What are you on about? All of the current range of Jaguars look stunning in comparison to their competitors like Audi, BMW and Mercedes.  The XK has been around for a few years now too. This is a brand new 63 Reg car.

My XF is lovely but it's only 6 weeks old. only 3 years until I trade her in


----------



## nbray67 (Mar 22, 2012)

WOW!!
Our last courtesy car was a 3cyl Alto, we were so sad when we handed it back so I know how you'll feel come 5pm!!


----------



## jcp (Oct 2, 2010)

i mean the current range is gorgeous , look back 10 or even 15 years ago and jag had lost there way , now there back up there , where they belong , building stunning cars
the question is in three years time will you be tempted to trade your xf in for a xk ?


----------



## Puntoboy (Jun 30, 2007)

jcp said:


> i mean the current range is gorgeous , look back 10 or even 15 years ago and jag had lost there way , now there back up there , where they belong , building stunning cars
> the question is in three years time will you be tempted to trade your xf in for a xk ?

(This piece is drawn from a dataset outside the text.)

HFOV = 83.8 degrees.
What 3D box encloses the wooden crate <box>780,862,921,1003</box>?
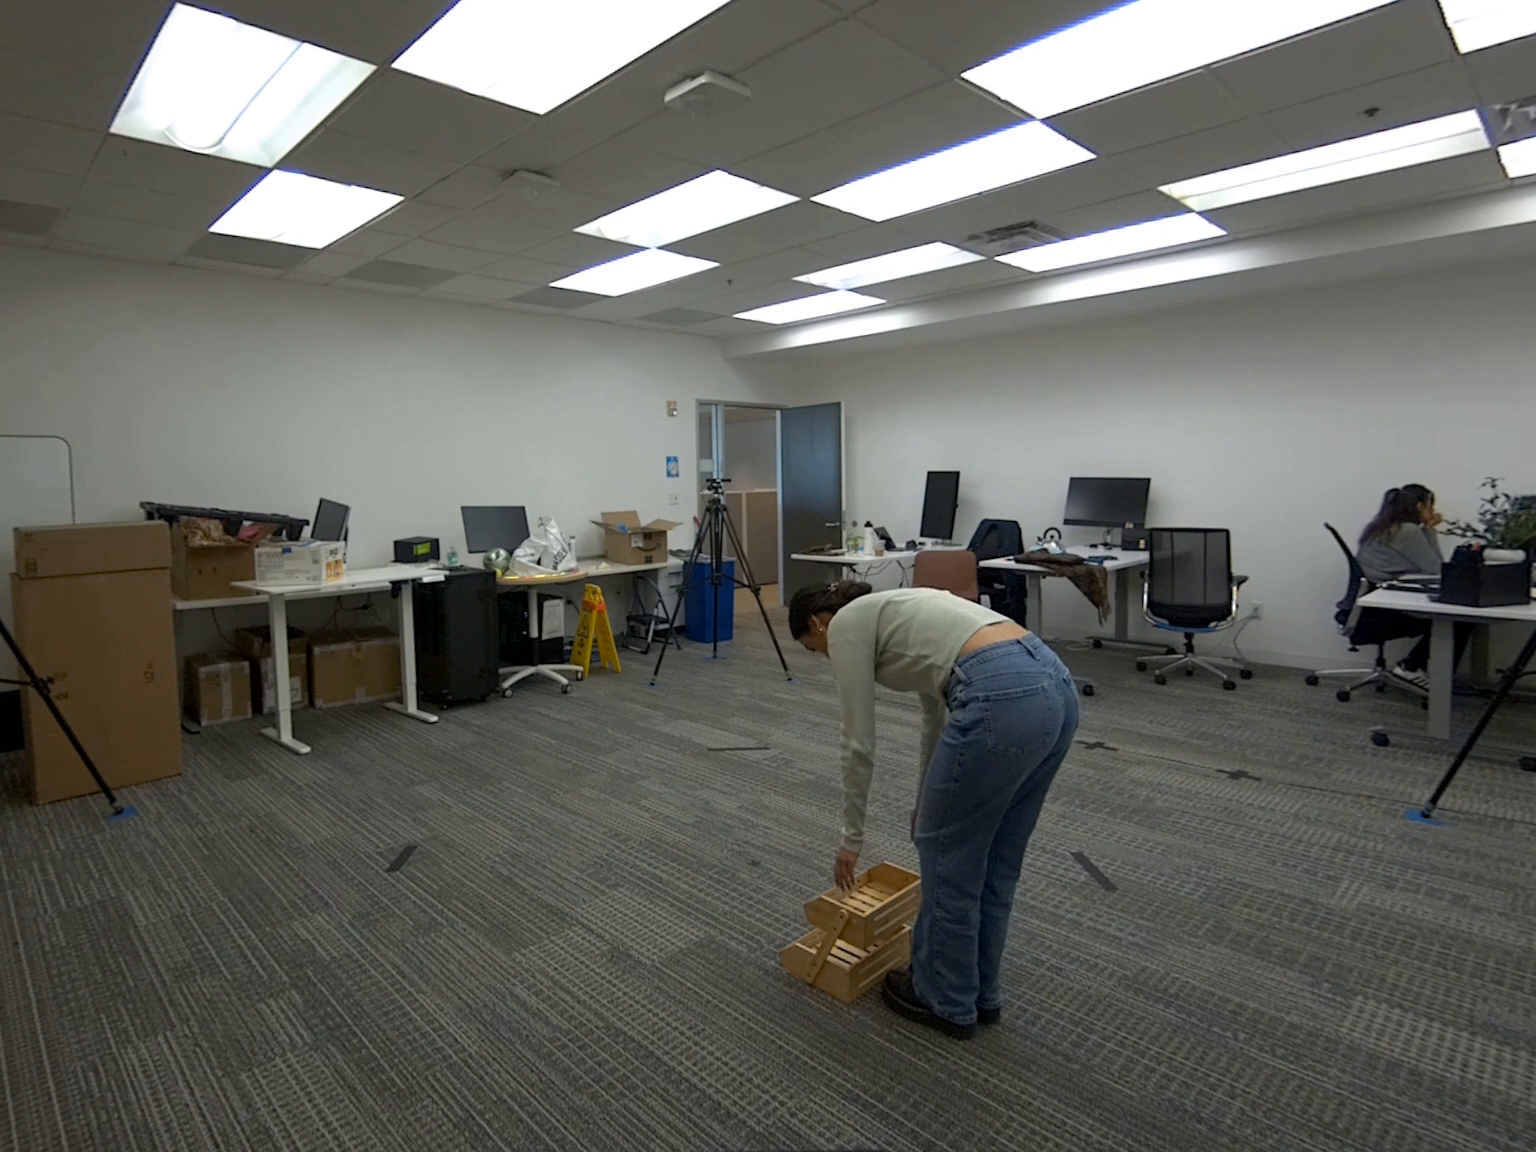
[{"bbox_3d":[0.249,0.983,2.430,0.311,0.272,0.316,5,8,43],"label":"wooden crate"}]

Yeah that's true. The older S and X Types were just dressed up Fords. Not very inspiring at all.

Tbh the XK is not a practical car and in 3 years time I'll be married and have a kid or two so no good at all. I'm looking at an XFR next


----------



## PugIain (Jun 28, 2006)

I can beat that!
I got a custard yellow Hyundai Amica once..


----------



## nbray67 (Mar 22, 2012)

On a similar note, we hired a 7 seater Galaxy / or similar thru Thrifty car hire at Edinburgh airport from Fri-Mon at a cost of £121.
Trouble is, the only 7 seaters they do at Edinburgh airport are Discovery 4's, 3.0TDV6 HSE Luxury!! Only had 621 miles on the clock!! No more to pay despite the massive difference in vehicle.
If you wanted to hire this spec 4x4 it would cost £600+.
So, if you ever need a 7 seater while in Edinburgh, hire it thru Thrifty at Edinburgh airport.


----------



## Derekh929 (Aug 28, 2011)

Are they not going to question the 500 miles extra on the clock for the day, has to be the best courtesy car ever, or have you won the lottery and they are trying to upsell , enjoy looks fantastic and love the plate


----------



## jcp (Oct 2, 2010)

XFR very nice but you sure the wife will let you ? lol
i had a boy racers astra gsi with all the toys and a big sound system , had to sell it before my son was born , only aloud family cars now 
td vectra just aint the same , lol


----------



## Puntoboy (Jun 30, 2007)

Derekh929 said:


> Are they not going to question the 500 miles extra on the clock for the day, has to be the best courtesy car ever, or have you won the lottery and they are trying to upsell , enjoy looks fantastic and love the plate


I've not driven it that far 

No lottery win, just a special dealer who takes pride in customer service. Their customers come from all over Europe because of this and they value their customers a lot.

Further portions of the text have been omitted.